Starting with the line containing "Zealand in 1972 to that in 1973?" and going on through the line containing "Your answer should be very brief. 0.94.", return the lines of the data below exactly, and only those.

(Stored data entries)
= = = = =

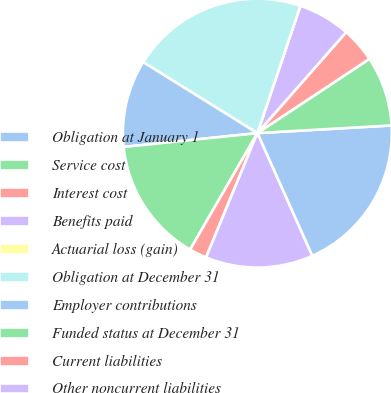Convert chart. <chart><loc_0><loc_0><loc_500><loc_500><pie_chart><fcel>Obligation at January 1<fcel>Service cost<fcel>Interest cost<fcel>Benefits paid<fcel>Actuarial loss (gain)<fcel>Obligation at December 31<fcel>Employer contributions<fcel>Funded status at December 31<fcel>Current liabilities<fcel>Other noncurrent liabilities<nl><fcel>19.22%<fcel>8.4%<fcel>4.2%<fcel>6.3%<fcel>0.0%<fcel>21.32%<fcel>10.5%<fcel>15.02%<fcel>2.1%<fcel>12.92%<nl></chart> 
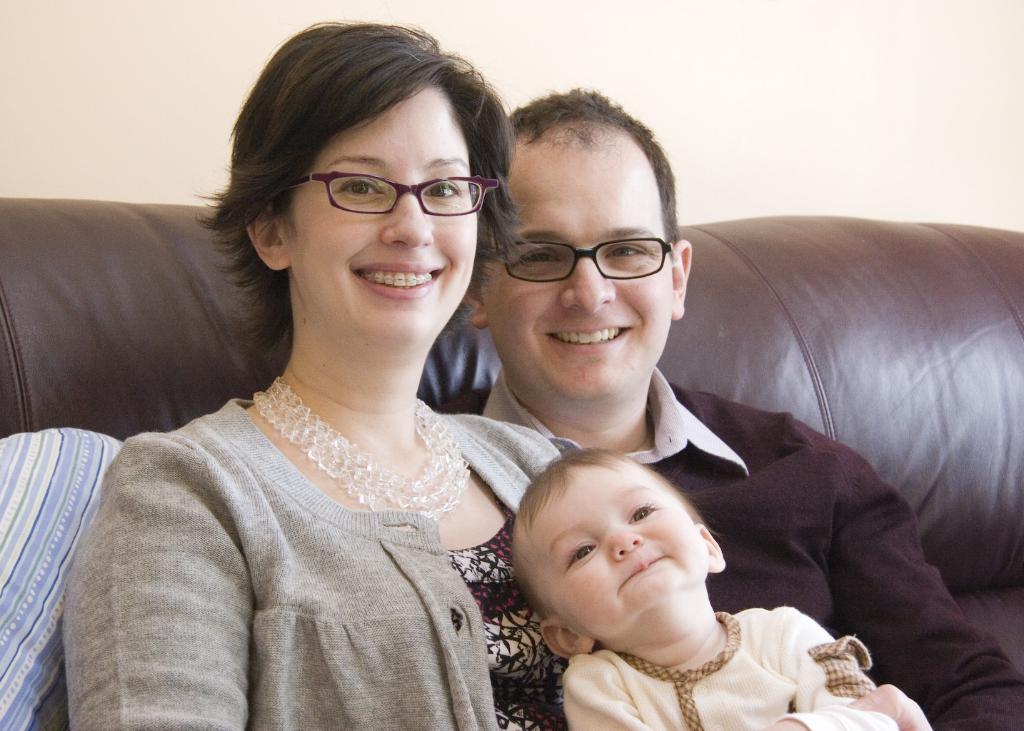Describe this image in one or two sentences. In this picture we can see a man,, woman and a kid, they both are smiling and they wore spectacles, and they are seated on the sofa. 
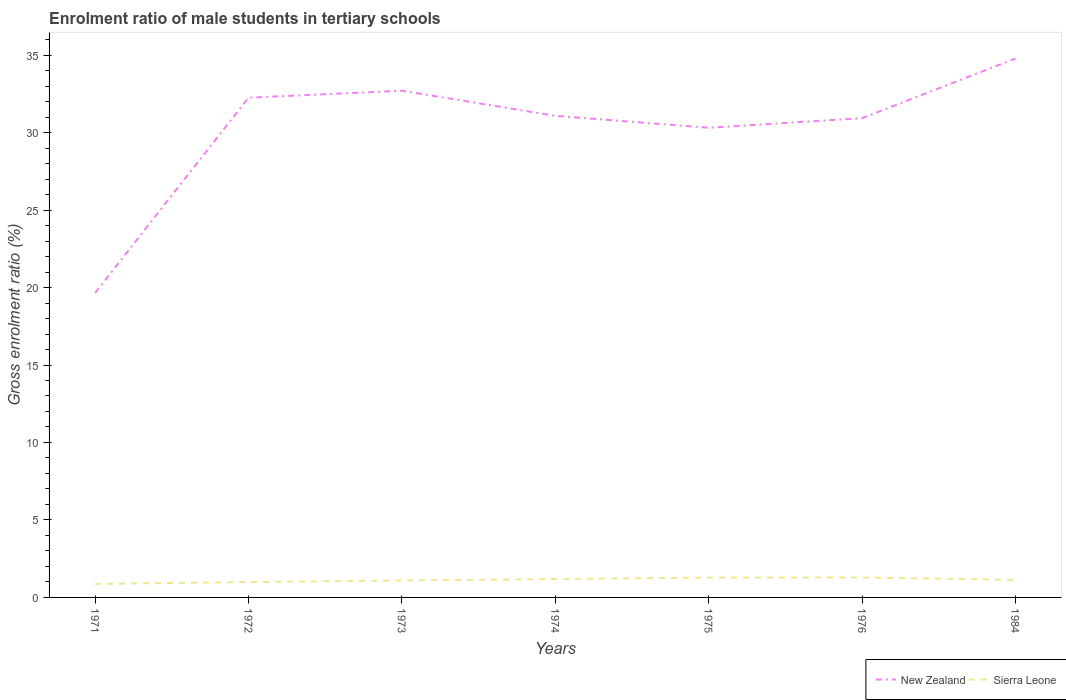Across all years, what is the maximum enrolment ratio of male students in tertiary schools in New Zealand?
Keep it short and to the point. 19.65. What is the total enrolment ratio of male students in tertiary schools in Sierra Leone in the graph?
Make the answer very short. -0.12. What is the difference between the highest and the second highest enrolment ratio of male students in tertiary schools in New Zealand?
Offer a very short reply. 15.13. How many lines are there?
Your answer should be compact. 2. Does the graph contain grids?
Give a very brief answer. No. How many legend labels are there?
Provide a short and direct response. 2. What is the title of the graph?
Offer a very short reply. Enrolment ratio of male students in tertiary schools. What is the label or title of the X-axis?
Keep it short and to the point. Years. What is the Gross enrolment ratio (%) in New Zealand in 1971?
Your answer should be very brief. 19.65. What is the Gross enrolment ratio (%) in Sierra Leone in 1971?
Ensure brevity in your answer.  0.87. What is the Gross enrolment ratio (%) of New Zealand in 1972?
Provide a succinct answer. 32.25. What is the Gross enrolment ratio (%) in Sierra Leone in 1972?
Ensure brevity in your answer.  0.99. What is the Gross enrolment ratio (%) of New Zealand in 1973?
Your answer should be very brief. 32.7. What is the Gross enrolment ratio (%) in Sierra Leone in 1973?
Ensure brevity in your answer.  1.09. What is the Gross enrolment ratio (%) of New Zealand in 1974?
Ensure brevity in your answer.  31.08. What is the Gross enrolment ratio (%) in Sierra Leone in 1974?
Provide a succinct answer. 1.18. What is the Gross enrolment ratio (%) of New Zealand in 1975?
Provide a succinct answer. 30.31. What is the Gross enrolment ratio (%) of Sierra Leone in 1975?
Provide a short and direct response. 1.28. What is the Gross enrolment ratio (%) of New Zealand in 1976?
Ensure brevity in your answer.  30.93. What is the Gross enrolment ratio (%) of Sierra Leone in 1976?
Provide a succinct answer. 1.29. What is the Gross enrolment ratio (%) of New Zealand in 1984?
Give a very brief answer. 34.78. What is the Gross enrolment ratio (%) of Sierra Leone in 1984?
Give a very brief answer. 1.13. Across all years, what is the maximum Gross enrolment ratio (%) in New Zealand?
Provide a succinct answer. 34.78. Across all years, what is the maximum Gross enrolment ratio (%) of Sierra Leone?
Give a very brief answer. 1.29. Across all years, what is the minimum Gross enrolment ratio (%) in New Zealand?
Offer a very short reply. 19.65. Across all years, what is the minimum Gross enrolment ratio (%) in Sierra Leone?
Offer a terse response. 0.87. What is the total Gross enrolment ratio (%) of New Zealand in the graph?
Your response must be concise. 211.71. What is the total Gross enrolment ratio (%) in Sierra Leone in the graph?
Provide a succinct answer. 7.85. What is the difference between the Gross enrolment ratio (%) of New Zealand in 1971 and that in 1972?
Your response must be concise. -12.6. What is the difference between the Gross enrolment ratio (%) in Sierra Leone in 1971 and that in 1972?
Your answer should be very brief. -0.12. What is the difference between the Gross enrolment ratio (%) of New Zealand in 1971 and that in 1973?
Keep it short and to the point. -13.05. What is the difference between the Gross enrolment ratio (%) of Sierra Leone in 1971 and that in 1973?
Your response must be concise. -0.22. What is the difference between the Gross enrolment ratio (%) of New Zealand in 1971 and that in 1974?
Your answer should be compact. -11.43. What is the difference between the Gross enrolment ratio (%) in Sierra Leone in 1971 and that in 1974?
Make the answer very short. -0.31. What is the difference between the Gross enrolment ratio (%) in New Zealand in 1971 and that in 1975?
Provide a short and direct response. -10.66. What is the difference between the Gross enrolment ratio (%) in Sierra Leone in 1971 and that in 1975?
Provide a succinct answer. -0.41. What is the difference between the Gross enrolment ratio (%) of New Zealand in 1971 and that in 1976?
Offer a very short reply. -11.28. What is the difference between the Gross enrolment ratio (%) of Sierra Leone in 1971 and that in 1976?
Offer a very short reply. -0.42. What is the difference between the Gross enrolment ratio (%) of New Zealand in 1971 and that in 1984?
Ensure brevity in your answer.  -15.13. What is the difference between the Gross enrolment ratio (%) of Sierra Leone in 1971 and that in 1984?
Offer a very short reply. -0.26. What is the difference between the Gross enrolment ratio (%) of New Zealand in 1972 and that in 1973?
Give a very brief answer. -0.45. What is the difference between the Gross enrolment ratio (%) in Sierra Leone in 1972 and that in 1973?
Your answer should be very brief. -0.1. What is the difference between the Gross enrolment ratio (%) in New Zealand in 1972 and that in 1974?
Ensure brevity in your answer.  1.17. What is the difference between the Gross enrolment ratio (%) of Sierra Leone in 1972 and that in 1974?
Offer a terse response. -0.19. What is the difference between the Gross enrolment ratio (%) in New Zealand in 1972 and that in 1975?
Keep it short and to the point. 1.94. What is the difference between the Gross enrolment ratio (%) in Sierra Leone in 1972 and that in 1975?
Offer a terse response. -0.29. What is the difference between the Gross enrolment ratio (%) in New Zealand in 1972 and that in 1976?
Provide a succinct answer. 1.32. What is the difference between the Gross enrolment ratio (%) of Sierra Leone in 1972 and that in 1976?
Offer a very short reply. -0.29. What is the difference between the Gross enrolment ratio (%) of New Zealand in 1972 and that in 1984?
Provide a short and direct response. -2.53. What is the difference between the Gross enrolment ratio (%) of Sierra Leone in 1972 and that in 1984?
Ensure brevity in your answer.  -0.14. What is the difference between the Gross enrolment ratio (%) in New Zealand in 1973 and that in 1974?
Provide a short and direct response. 1.62. What is the difference between the Gross enrolment ratio (%) in Sierra Leone in 1973 and that in 1974?
Offer a very short reply. -0.09. What is the difference between the Gross enrolment ratio (%) of New Zealand in 1973 and that in 1975?
Offer a very short reply. 2.39. What is the difference between the Gross enrolment ratio (%) in Sierra Leone in 1973 and that in 1975?
Offer a terse response. -0.19. What is the difference between the Gross enrolment ratio (%) of New Zealand in 1973 and that in 1976?
Give a very brief answer. 1.77. What is the difference between the Gross enrolment ratio (%) of Sierra Leone in 1973 and that in 1976?
Make the answer very short. -0.19. What is the difference between the Gross enrolment ratio (%) of New Zealand in 1973 and that in 1984?
Give a very brief answer. -2.08. What is the difference between the Gross enrolment ratio (%) of Sierra Leone in 1973 and that in 1984?
Make the answer very short. -0.04. What is the difference between the Gross enrolment ratio (%) of New Zealand in 1974 and that in 1975?
Your answer should be compact. 0.77. What is the difference between the Gross enrolment ratio (%) of Sierra Leone in 1974 and that in 1975?
Your answer should be very brief. -0.1. What is the difference between the Gross enrolment ratio (%) of New Zealand in 1974 and that in 1976?
Provide a short and direct response. 0.15. What is the difference between the Gross enrolment ratio (%) in Sierra Leone in 1974 and that in 1976?
Keep it short and to the point. -0.1. What is the difference between the Gross enrolment ratio (%) of New Zealand in 1974 and that in 1984?
Your response must be concise. -3.7. What is the difference between the Gross enrolment ratio (%) of Sierra Leone in 1974 and that in 1984?
Your answer should be compact. 0.05. What is the difference between the Gross enrolment ratio (%) in New Zealand in 1975 and that in 1976?
Provide a succinct answer. -0.62. What is the difference between the Gross enrolment ratio (%) in Sierra Leone in 1975 and that in 1976?
Ensure brevity in your answer.  -0. What is the difference between the Gross enrolment ratio (%) in New Zealand in 1975 and that in 1984?
Your answer should be very brief. -4.47. What is the difference between the Gross enrolment ratio (%) in Sierra Leone in 1975 and that in 1984?
Offer a very short reply. 0.15. What is the difference between the Gross enrolment ratio (%) of New Zealand in 1976 and that in 1984?
Your answer should be very brief. -3.85. What is the difference between the Gross enrolment ratio (%) of Sierra Leone in 1976 and that in 1984?
Ensure brevity in your answer.  0.15. What is the difference between the Gross enrolment ratio (%) of New Zealand in 1971 and the Gross enrolment ratio (%) of Sierra Leone in 1972?
Give a very brief answer. 18.66. What is the difference between the Gross enrolment ratio (%) of New Zealand in 1971 and the Gross enrolment ratio (%) of Sierra Leone in 1973?
Keep it short and to the point. 18.56. What is the difference between the Gross enrolment ratio (%) of New Zealand in 1971 and the Gross enrolment ratio (%) of Sierra Leone in 1974?
Your answer should be very brief. 18.47. What is the difference between the Gross enrolment ratio (%) of New Zealand in 1971 and the Gross enrolment ratio (%) of Sierra Leone in 1975?
Offer a terse response. 18.37. What is the difference between the Gross enrolment ratio (%) of New Zealand in 1971 and the Gross enrolment ratio (%) of Sierra Leone in 1976?
Your response must be concise. 18.37. What is the difference between the Gross enrolment ratio (%) of New Zealand in 1971 and the Gross enrolment ratio (%) of Sierra Leone in 1984?
Give a very brief answer. 18.52. What is the difference between the Gross enrolment ratio (%) of New Zealand in 1972 and the Gross enrolment ratio (%) of Sierra Leone in 1973?
Your response must be concise. 31.16. What is the difference between the Gross enrolment ratio (%) of New Zealand in 1972 and the Gross enrolment ratio (%) of Sierra Leone in 1974?
Offer a very short reply. 31.07. What is the difference between the Gross enrolment ratio (%) of New Zealand in 1972 and the Gross enrolment ratio (%) of Sierra Leone in 1975?
Keep it short and to the point. 30.97. What is the difference between the Gross enrolment ratio (%) in New Zealand in 1972 and the Gross enrolment ratio (%) in Sierra Leone in 1976?
Keep it short and to the point. 30.96. What is the difference between the Gross enrolment ratio (%) in New Zealand in 1972 and the Gross enrolment ratio (%) in Sierra Leone in 1984?
Provide a short and direct response. 31.12. What is the difference between the Gross enrolment ratio (%) of New Zealand in 1973 and the Gross enrolment ratio (%) of Sierra Leone in 1974?
Keep it short and to the point. 31.52. What is the difference between the Gross enrolment ratio (%) in New Zealand in 1973 and the Gross enrolment ratio (%) in Sierra Leone in 1975?
Keep it short and to the point. 31.42. What is the difference between the Gross enrolment ratio (%) in New Zealand in 1973 and the Gross enrolment ratio (%) in Sierra Leone in 1976?
Keep it short and to the point. 31.41. What is the difference between the Gross enrolment ratio (%) of New Zealand in 1973 and the Gross enrolment ratio (%) of Sierra Leone in 1984?
Your response must be concise. 31.57. What is the difference between the Gross enrolment ratio (%) in New Zealand in 1974 and the Gross enrolment ratio (%) in Sierra Leone in 1975?
Make the answer very short. 29.8. What is the difference between the Gross enrolment ratio (%) in New Zealand in 1974 and the Gross enrolment ratio (%) in Sierra Leone in 1976?
Ensure brevity in your answer.  29.79. What is the difference between the Gross enrolment ratio (%) of New Zealand in 1974 and the Gross enrolment ratio (%) of Sierra Leone in 1984?
Give a very brief answer. 29.95. What is the difference between the Gross enrolment ratio (%) in New Zealand in 1975 and the Gross enrolment ratio (%) in Sierra Leone in 1976?
Provide a short and direct response. 29.02. What is the difference between the Gross enrolment ratio (%) of New Zealand in 1975 and the Gross enrolment ratio (%) of Sierra Leone in 1984?
Give a very brief answer. 29.18. What is the difference between the Gross enrolment ratio (%) in New Zealand in 1976 and the Gross enrolment ratio (%) in Sierra Leone in 1984?
Give a very brief answer. 29.8. What is the average Gross enrolment ratio (%) of New Zealand per year?
Offer a terse response. 30.24. What is the average Gross enrolment ratio (%) of Sierra Leone per year?
Ensure brevity in your answer.  1.12. In the year 1971, what is the difference between the Gross enrolment ratio (%) in New Zealand and Gross enrolment ratio (%) in Sierra Leone?
Offer a terse response. 18.78. In the year 1972, what is the difference between the Gross enrolment ratio (%) of New Zealand and Gross enrolment ratio (%) of Sierra Leone?
Your response must be concise. 31.26. In the year 1973, what is the difference between the Gross enrolment ratio (%) of New Zealand and Gross enrolment ratio (%) of Sierra Leone?
Your answer should be compact. 31.61. In the year 1974, what is the difference between the Gross enrolment ratio (%) of New Zealand and Gross enrolment ratio (%) of Sierra Leone?
Give a very brief answer. 29.9. In the year 1975, what is the difference between the Gross enrolment ratio (%) of New Zealand and Gross enrolment ratio (%) of Sierra Leone?
Make the answer very short. 29.03. In the year 1976, what is the difference between the Gross enrolment ratio (%) in New Zealand and Gross enrolment ratio (%) in Sierra Leone?
Your response must be concise. 29.65. In the year 1984, what is the difference between the Gross enrolment ratio (%) of New Zealand and Gross enrolment ratio (%) of Sierra Leone?
Offer a very short reply. 33.65. What is the ratio of the Gross enrolment ratio (%) of New Zealand in 1971 to that in 1972?
Keep it short and to the point. 0.61. What is the ratio of the Gross enrolment ratio (%) of Sierra Leone in 1971 to that in 1972?
Ensure brevity in your answer.  0.88. What is the ratio of the Gross enrolment ratio (%) of New Zealand in 1971 to that in 1973?
Offer a terse response. 0.6. What is the ratio of the Gross enrolment ratio (%) in Sierra Leone in 1971 to that in 1973?
Provide a short and direct response. 0.8. What is the ratio of the Gross enrolment ratio (%) of New Zealand in 1971 to that in 1974?
Your response must be concise. 0.63. What is the ratio of the Gross enrolment ratio (%) in Sierra Leone in 1971 to that in 1974?
Give a very brief answer. 0.74. What is the ratio of the Gross enrolment ratio (%) of New Zealand in 1971 to that in 1975?
Offer a very short reply. 0.65. What is the ratio of the Gross enrolment ratio (%) of Sierra Leone in 1971 to that in 1975?
Give a very brief answer. 0.68. What is the ratio of the Gross enrolment ratio (%) of New Zealand in 1971 to that in 1976?
Your answer should be compact. 0.64. What is the ratio of the Gross enrolment ratio (%) of Sierra Leone in 1971 to that in 1976?
Keep it short and to the point. 0.68. What is the ratio of the Gross enrolment ratio (%) in New Zealand in 1971 to that in 1984?
Your answer should be very brief. 0.57. What is the ratio of the Gross enrolment ratio (%) of Sierra Leone in 1971 to that in 1984?
Ensure brevity in your answer.  0.77. What is the ratio of the Gross enrolment ratio (%) of New Zealand in 1972 to that in 1973?
Provide a succinct answer. 0.99. What is the ratio of the Gross enrolment ratio (%) of Sierra Leone in 1972 to that in 1973?
Your response must be concise. 0.91. What is the ratio of the Gross enrolment ratio (%) of New Zealand in 1972 to that in 1974?
Make the answer very short. 1.04. What is the ratio of the Gross enrolment ratio (%) in Sierra Leone in 1972 to that in 1974?
Provide a succinct answer. 0.84. What is the ratio of the Gross enrolment ratio (%) of New Zealand in 1972 to that in 1975?
Your response must be concise. 1.06. What is the ratio of the Gross enrolment ratio (%) of Sierra Leone in 1972 to that in 1975?
Provide a succinct answer. 0.77. What is the ratio of the Gross enrolment ratio (%) of New Zealand in 1972 to that in 1976?
Offer a terse response. 1.04. What is the ratio of the Gross enrolment ratio (%) of Sierra Leone in 1972 to that in 1976?
Provide a succinct answer. 0.77. What is the ratio of the Gross enrolment ratio (%) in New Zealand in 1972 to that in 1984?
Ensure brevity in your answer.  0.93. What is the ratio of the Gross enrolment ratio (%) in Sierra Leone in 1972 to that in 1984?
Your response must be concise. 0.88. What is the ratio of the Gross enrolment ratio (%) of New Zealand in 1973 to that in 1974?
Offer a terse response. 1.05. What is the ratio of the Gross enrolment ratio (%) in Sierra Leone in 1973 to that in 1974?
Make the answer very short. 0.92. What is the ratio of the Gross enrolment ratio (%) of New Zealand in 1973 to that in 1975?
Your answer should be compact. 1.08. What is the ratio of the Gross enrolment ratio (%) of Sierra Leone in 1973 to that in 1975?
Your answer should be compact. 0.85. What is the ratio of the Gross enrolment ratio (%) in New Zealand in 1973 to that in 1976?
Provide a short and direct response. 1.06. What is the ratio of the Gross enrolment ratio (%) of Sierra Leone in 1973 to that in 1976?
Offer a very short reply. 0.85. What is the ratio of the Gross enrolment ratio (%) of New Zealand in 1973 to that in 1984?
Your answer should be very brief. 0.94. What is the ratio of the Gross enrolment ratio (%) in Sierra Leone in 1973 to that in 1984?
Make the answer very short. 0.97. What is the ratio of the Gross enrolment ratio (%) of New Zealand in 1974 to that in 1975?
Your response must be concise. 1.03. What is the ratio of the Gross enrolment ratio (%) of Sierra Leone in 1974 to that in 1975?
Your response must be concise. 0.92. What is the ratio of the Gross enrolment ratio (%) in Sierra Leone in 1974 to that in 1976?
Offer a terse response. 0.92. What is the ratio of the Gross enrolment ratio (%) of New Zealand in 1974 to that in 1984?
Your answer should be very brief. 0.89. What is the ratio of the Gross enrolment ratio (%) in Sierra Leone in 1974 to that in 1984?
Your answer should be compact. 1.05. What is the ratio of the Gross enrolment ratio (%) of New Zealand in 1975 to that in 1976?
Your response must be concise. 0.98. What is the ratio of the Gross enrolment ratio (%) in New Zealand in 1975 to that in 1984?
Keep it short and to the point. 0.87. What is the ratio of the Gross enrolment ratio (%) of Sierra Leone in 1975 to that in 1984?
Provide a succinct answer. 1.13. What is the ratio of the Gross enrolment ratio (%) of New Zealand in 1976 to that in 1984?
Offer a very short reply. 0.89. What is the ratio of the Gross enrolment ratio (%) in Sierra Leone in 1976 to that in 1984?
Your answer should be very brief. 1.13. What is the difference between the highest and the second highest Gross enrolment ratio (%) of New Zealand?
Make the answer very short. 2.08. What is the difference between the highest and the second highest Gross enrolment ratio (%) in Sierra Leone?
Make the answer very short. 0. What is the difference between the highest and the lowest Gross enrolment ratio (%) of New Zealand?
Your answer should be very brief. 15.13. What is the difference between the highest and the lowest Gross enrolment ratio (%) of Sierra Leone?
Offer a very short reply. 0.42.

= = = = =

Expected answer
Ensure brevity in your answer.  0.77. What is the ratio of the Gross enrolment ratio (%) of New Zealand in 1972 to that in 1973?
Provide a succinct answer. 0.99. What is the ratio of the Gross enrolment ratio (%) of Sierra Leone in 1972 to that in 1973?
Your response must be concise. 0.91. What is the ratio of the Gross enrolment ratio (%) of New Zealand in 1972 to that in 1974?
Make the answer very short. 1.04. What is the ratio of the Gross enrolment ratio (%) in Sierra Leone in 1972 to that in 1974?
Provide a succinct answer. 0.84. What is the ratio of the Gross enrolment ratio (%) of New Zealand in 1972 to that in 1975?
Your response must be concise. 1.06. What is the ratio of the Gross enrolment ratio (%) of Sierra Leone in 1972 to that in 1975?
Provide a succinct answer. 0.77. What is the ratio of the Gross enrolment ratio (%) of New Zealand in 1972 to that in 1976?
Offer a terse response. 1.04. What is the ratio of the Gross enrolment ratio (%) of Sierra Leone in 1972 to that in 1976?
Provide a succinct answer. 0.77. What is the ratio of the Gross enrolment ratio (%) in New Zealand in 1972 to that in 1984?
Ensure brevity in your answer.  0.93. What is the ratio of the Gross enrolment ratio (%) in Sierra Leone in 1972 to that in 1984?
Your response must be concise. 0.88. What is the ratio of the Gross enrolment ratio (%) of New Zealand in 1973 to that in 1974?
Offer a terse response. 1.05. What is the ratio of the Gross enrolment ratio (%) in Sierra Leone in 1973 to that in 1974?
Make the answer very short. 0.92. What is the ratio of the Gross enrolment ratio (%) of New Zealand in 1973 to that in 1975?
Your answer should be compact. 1.08. What is the ratio of the Gross enrolment ratio (%) of Sierra Leone in 1973 to that in 1975?
Your answer should be compact. 0.85. What is the ratio of the Gross enrolment ratio (%) in New Zealand in 1973 to that in 1976?
Provide a short and direct response. 1.06. What is the ratio of the Gross enrolment ratio (%) of Sierra Leone in 1973 to that in 1976?
Offer a very short reply. 0.85. What is the ratio of the Gross enrolment ratio (%) of New Zealand in 1973 to that in 1984?
Your answer should be very brief. 0.94. What is the ratio of the Gross enrolment ratio (%) in Sierra Leone in 1973 to that in 1984?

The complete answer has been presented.